Expression of S100A8 is not the only indicator of S100A8 activity, because it is regulated by many different mechanisms. The identification of stable and reliable human gene-to-gene relationships is an essential step towards unraveling the interactions and functional correlations between human genes [38]. Therefore, we performed gene network analysis to identify the association of S100A8-correlated genes with progression of NMIBC. Strikingly, expression of both S100A8 and its correlated genes were strong predictors of the progression of bladder cancer (Figures 1 and 2). This finding was further supported by multivariate analysis, which showed that the molecular signature of S100A8-correlated genes was a strong predictor of cancer progression-free survival (Table 2). This result suggests that the S100A8-correlated gene signature retains its prognostic relevance even after additional pathological prognostic features have been taken into account.

The standard strategy for evaluating the accuracy of classification methods is application of a training-validation approach, in which a training set is utilized to identify the molecular signature and a validation set is used to estimate the degree of reliability. For the validation assay, a large sample size is needed before expression profiling can be utilized in a clinical setting [39]. In the current study, the accuracy of a predictive S100A8-correlated gene signature was tested using five independent algorithms with gene expression data from a large independent European cohort (Figure 3). This result demonstrated not only a strong association between gene expression patterns and progression, but also provided strong evidence of the reliability of the prediction.

Based on an analysis of the S100A8-correlated genes in the context of gene networks, we identified a putative role for S100A8 in disease progression of bladder cancer. Because S100A8 is the downstream target of IL1B [37], our results strongly support the potential involvement of IL1B in tumor progression. Recent studies indicate that IL1B is associated with tumor invasiveness and metastasis [40, 41]. Many of the satellite genes associated with IL1B (i.e., CXCL2, PLA2G7, CCL11, S100A9, CD163, RNASE7, and OSM) (Figure 5) participate in inflammatory and immune responses, which are the best known activities of IL1B. Previous studies have demonstrated that IL1B activates inflammation that promotes tumor invasiveness [40]. It was reported previously that S100A9 is up-regulated in conjunction with S100A8 in many cancers, including gastric cancer [20], prostate cancer [16, 17], and colorectal cancer [18, 19]. Both S100A8 and S100A9 have been implicated in the regulation of cell proliferation [16, 24] and metastatic processes [25]. Thus, S100A9 may prove a valuable target for prevention of the migration of tumor cells to pre-metastatic sites [26].

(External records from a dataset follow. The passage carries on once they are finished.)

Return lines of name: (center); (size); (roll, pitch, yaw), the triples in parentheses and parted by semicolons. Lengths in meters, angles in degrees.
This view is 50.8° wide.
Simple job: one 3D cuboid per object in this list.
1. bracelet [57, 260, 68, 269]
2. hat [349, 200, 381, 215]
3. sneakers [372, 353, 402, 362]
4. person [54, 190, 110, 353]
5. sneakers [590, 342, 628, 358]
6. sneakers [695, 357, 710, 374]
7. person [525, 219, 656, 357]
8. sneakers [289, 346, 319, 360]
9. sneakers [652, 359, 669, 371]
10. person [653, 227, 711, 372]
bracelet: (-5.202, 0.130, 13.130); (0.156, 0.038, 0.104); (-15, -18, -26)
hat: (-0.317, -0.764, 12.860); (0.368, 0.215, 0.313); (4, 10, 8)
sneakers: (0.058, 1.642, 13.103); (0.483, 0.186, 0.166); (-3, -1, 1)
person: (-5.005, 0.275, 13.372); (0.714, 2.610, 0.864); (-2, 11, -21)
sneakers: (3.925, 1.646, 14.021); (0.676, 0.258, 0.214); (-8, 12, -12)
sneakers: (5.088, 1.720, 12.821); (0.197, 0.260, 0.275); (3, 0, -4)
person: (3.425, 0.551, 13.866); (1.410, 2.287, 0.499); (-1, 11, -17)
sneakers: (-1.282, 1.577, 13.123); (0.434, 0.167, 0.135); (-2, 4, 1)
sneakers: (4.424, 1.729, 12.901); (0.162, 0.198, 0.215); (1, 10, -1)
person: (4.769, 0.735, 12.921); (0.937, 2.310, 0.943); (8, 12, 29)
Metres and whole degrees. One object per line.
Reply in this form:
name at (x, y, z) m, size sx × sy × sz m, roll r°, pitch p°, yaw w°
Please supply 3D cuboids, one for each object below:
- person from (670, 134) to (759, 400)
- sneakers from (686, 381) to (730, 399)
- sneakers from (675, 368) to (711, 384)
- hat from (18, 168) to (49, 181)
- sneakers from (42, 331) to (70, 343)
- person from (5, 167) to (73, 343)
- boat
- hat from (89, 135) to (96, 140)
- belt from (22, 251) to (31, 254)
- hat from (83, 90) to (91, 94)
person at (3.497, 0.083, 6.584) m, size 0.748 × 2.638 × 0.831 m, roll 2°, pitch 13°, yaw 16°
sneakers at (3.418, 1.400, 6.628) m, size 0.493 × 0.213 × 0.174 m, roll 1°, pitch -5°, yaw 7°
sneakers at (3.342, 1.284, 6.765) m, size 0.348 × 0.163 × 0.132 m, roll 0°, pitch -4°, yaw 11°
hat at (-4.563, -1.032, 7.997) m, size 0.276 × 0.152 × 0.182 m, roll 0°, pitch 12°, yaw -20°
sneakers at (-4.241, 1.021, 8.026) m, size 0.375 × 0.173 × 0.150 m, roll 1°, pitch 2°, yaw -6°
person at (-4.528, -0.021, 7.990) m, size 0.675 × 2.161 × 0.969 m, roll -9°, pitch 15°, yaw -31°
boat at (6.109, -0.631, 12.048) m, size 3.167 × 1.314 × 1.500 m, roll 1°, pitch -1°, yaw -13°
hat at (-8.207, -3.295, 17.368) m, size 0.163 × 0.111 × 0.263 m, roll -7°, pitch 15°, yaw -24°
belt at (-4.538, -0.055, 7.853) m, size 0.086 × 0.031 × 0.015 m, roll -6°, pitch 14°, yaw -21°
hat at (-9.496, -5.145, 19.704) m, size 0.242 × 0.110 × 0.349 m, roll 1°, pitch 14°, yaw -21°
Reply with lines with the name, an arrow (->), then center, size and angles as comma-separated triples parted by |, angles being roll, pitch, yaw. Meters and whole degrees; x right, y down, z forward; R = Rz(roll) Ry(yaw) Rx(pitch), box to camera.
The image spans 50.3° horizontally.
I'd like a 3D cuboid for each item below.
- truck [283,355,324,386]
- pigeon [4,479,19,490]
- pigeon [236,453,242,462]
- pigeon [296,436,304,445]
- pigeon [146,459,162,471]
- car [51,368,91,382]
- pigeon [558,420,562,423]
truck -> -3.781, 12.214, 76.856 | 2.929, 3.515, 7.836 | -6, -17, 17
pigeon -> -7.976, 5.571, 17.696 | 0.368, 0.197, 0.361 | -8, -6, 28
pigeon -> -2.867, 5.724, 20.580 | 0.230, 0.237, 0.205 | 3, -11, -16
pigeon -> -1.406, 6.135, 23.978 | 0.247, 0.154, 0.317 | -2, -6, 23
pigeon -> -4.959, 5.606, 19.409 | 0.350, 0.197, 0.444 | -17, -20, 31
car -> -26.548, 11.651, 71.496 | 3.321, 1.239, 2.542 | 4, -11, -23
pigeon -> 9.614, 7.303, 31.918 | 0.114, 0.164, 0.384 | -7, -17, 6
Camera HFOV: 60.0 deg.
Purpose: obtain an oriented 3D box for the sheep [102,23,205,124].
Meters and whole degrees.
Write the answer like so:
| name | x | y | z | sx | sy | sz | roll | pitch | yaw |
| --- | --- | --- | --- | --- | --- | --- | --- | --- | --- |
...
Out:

Our results demonstrate that an expression signature consisting of S100A8 and its correlated genes can be a reliable prognostic indicator of progression in NMIBC, independent of traditional pathologic prognostic parameters. The use of this signature as a predictive indicator could potentially enable the prognosis of heterogeneous NMIBC patients to be determined at diagnosis, which would allow for individualized treatment and evaluation.

Conclusions

We describe a prognostic molecular signature based on gene expression of S100A8-correlated genes that can identify patients with high-risk NMIBC that is likely to develop into MIBC. Identification of patients with high-risk NMIBC may improve the effectiveness of currently available treatments and provide opportunities for the development of new treatment modalities.